The Quitclaim Deed also included the acknowledgment of Notary Public Martha A. Ayala,

which stated: “This instrument was acknowledged before me on this 8th day of May 2009 by

Michael Henties.” The Deed was witnessed by Hilda Elena Carrasco, Cynthia Bernal, and

Regina Allemang. Carrasco is Bridgett’s sister, and Bernal and Ayala are friends of Carrasco’s.

                Bridgett testified that the signature on the Quitclaim Deed was Michael’s. The

undisputed evidence at trial was that Michael was admitted to a hospital in Cincinnati, Ohio, for lung

surgery on May 4, 2009, and was discharged from the hospital on May 7, 2009, with a chest incision

that was expected to drain and a chest dressing that needed to be changed regularly. Bridgett

testified that, although she did not know how he got there, Michael was in El Paso, Texas, the

following day, May 8, 2009, and signed the Quitclaim Deed there. Bridgett testified that it was not

uncommon for Michael to go on long trips immediately following a release from the hospital.

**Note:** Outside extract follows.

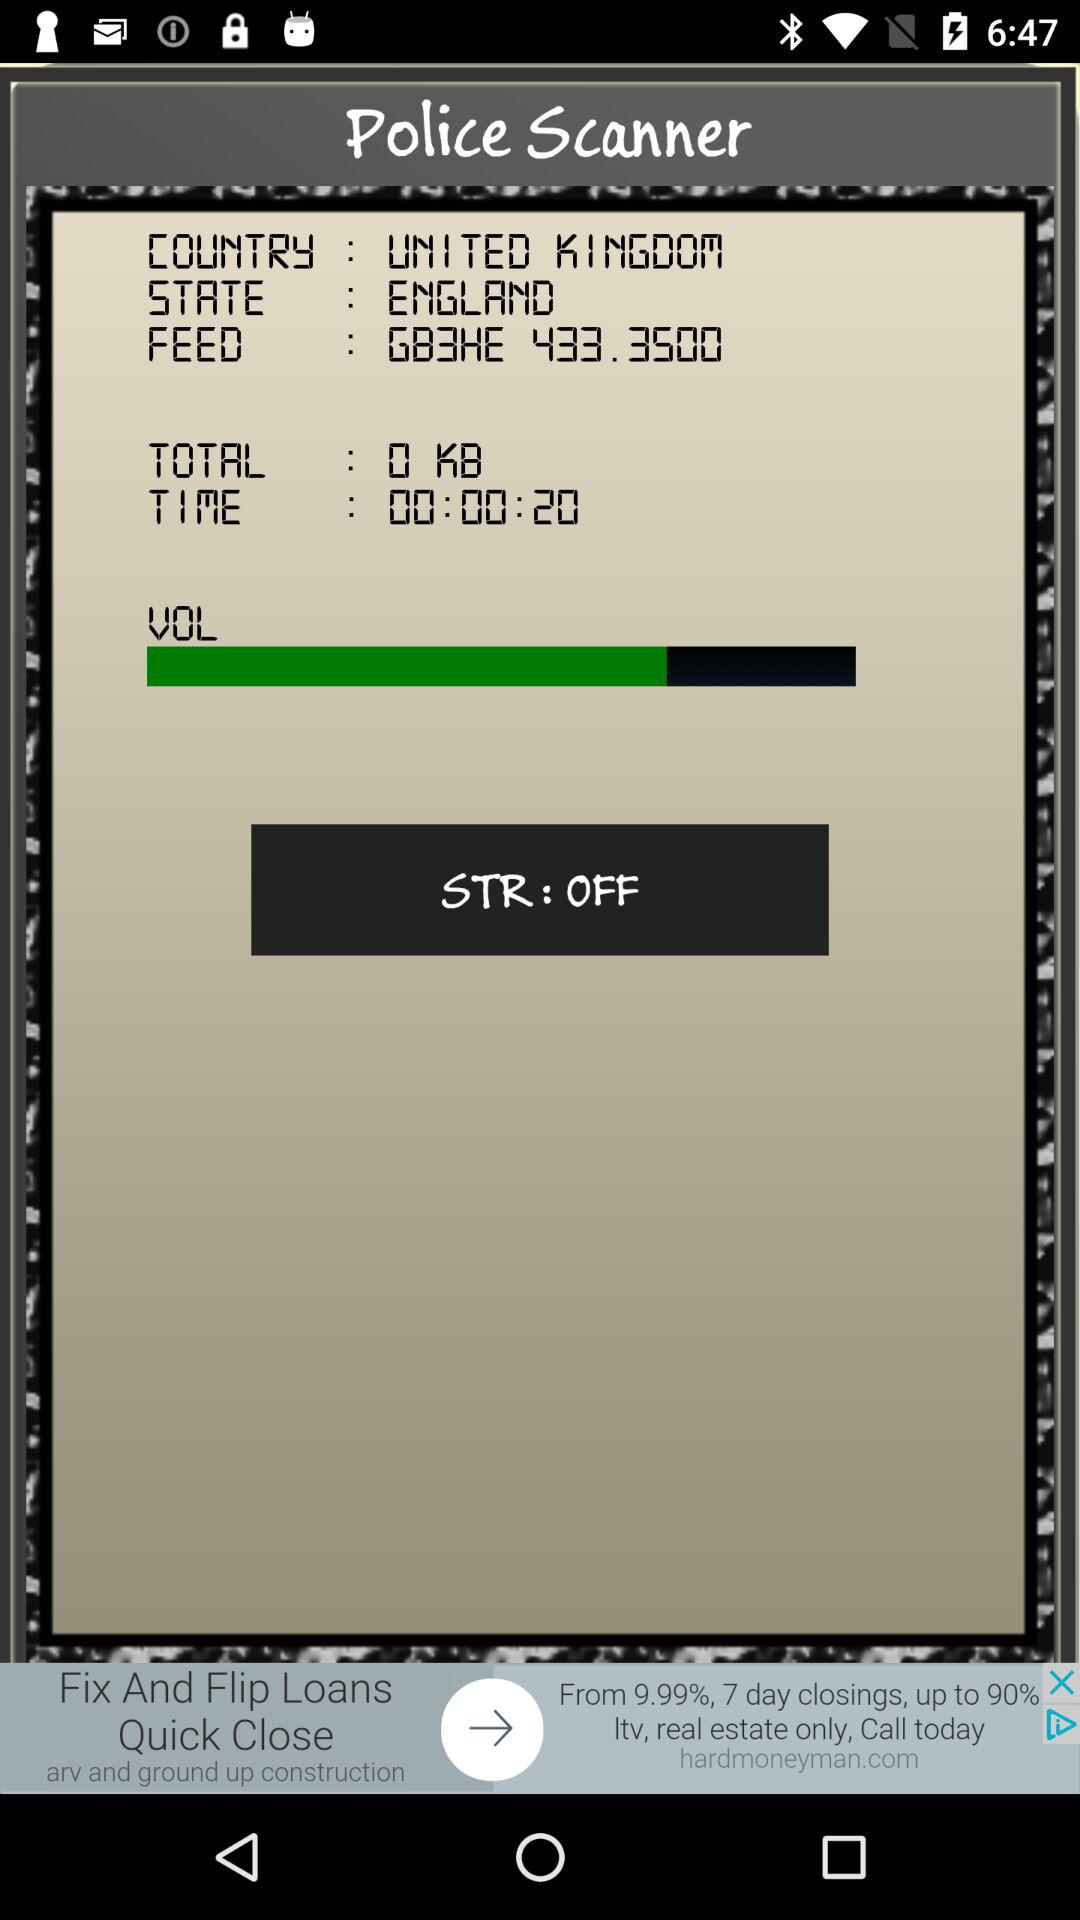What is the given time? The given time is 00:00:20. 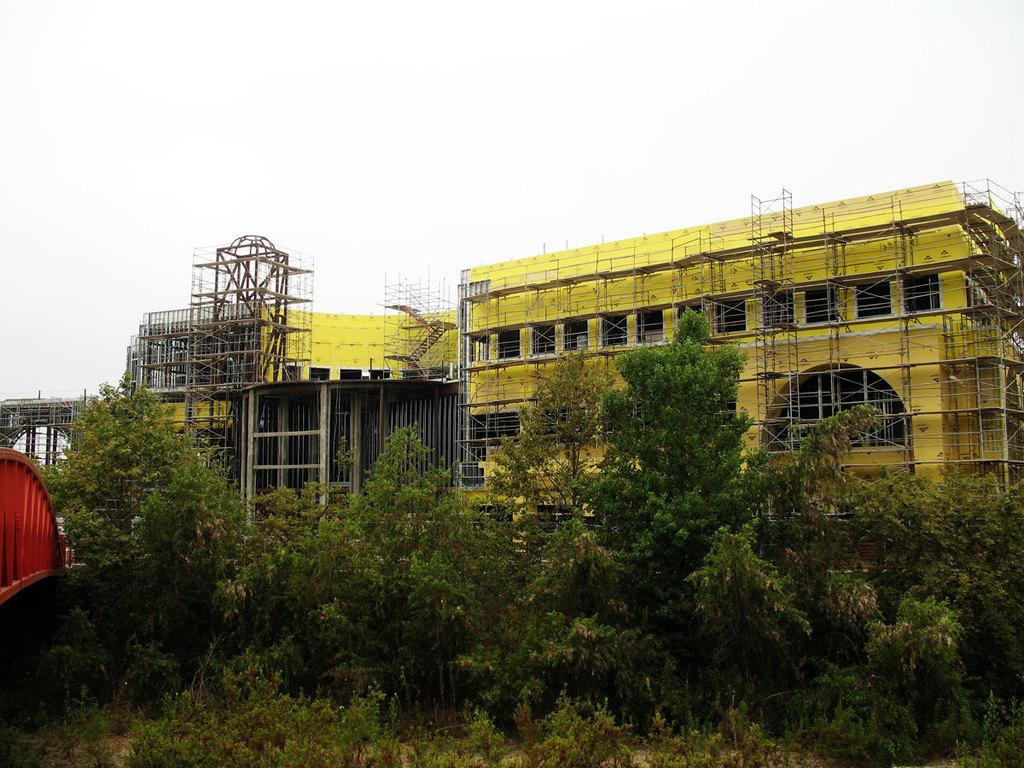What type of structure is present in the image? There is a building in the image. What is the color of the building? The building is yellow in color. What can be seen in front of the building? There are trees in front of the building. Can you see any bursts of clams in the image? There are no bursts of clams present in the image.

Bridgett agreed that Michael’s Chase credit card and American Express card activity included no

charges related to travel, lodging, meals, rental car, or airline tickets that would indicate that Michael

                                                    4
had traveled to El Paso on May 7 or 8, 2009. Michael’s Chase credit card was, however, used at a

Speedway store in Cincinnati, Ohio, on May 9, 2009. Bridgett testified that she and her two

daughters had charging privileges on the Chase credit card. Bridgett also testified that the signature

on the Quitclaim Deed matched Michael’s signature on his hospital discharge papers.

               Martha Ayala, the notary public who notarized Michael’s signature on the Quitclaim

Deed, testified that she did not know either Bridgett or Michael before May 8, 2009. Ayala testified

that she did not remember notarizing the Quitclaim Deed and that she no longer had her notary book

because it was in her vehicle when it was stolen in Juarez, Mexico in the summer of 2011.

               Carrasco testified that Michael called her early in the afternoon of May 8, 2009, and

that she met him between four and six o’clock that afternoon. They met at a restaurant in northeast

El Paso called La Paloma. Carrasco brought Bernal with her and met Michael and Ayala at the

restaurant. They stayed at the restaurant for 20 to 30 minutes. Carrasco said she did not ask, and

did not know, why Michael had traveled to El Paso to sign a document he could have signed in Ohio.

Carrasco testified that she was not sure who Regina Allemang was but believed she was someone

at the restaurant. Carrasco testified she believed that Michael brought the typed Quitclaim Deed with

him, but she could not explain how the names of the witnesses could have already been typed on the

document when no one had ever met Allemang before, and Michael could not have known in

advance the name of a bystander who would be asked to witness his signature.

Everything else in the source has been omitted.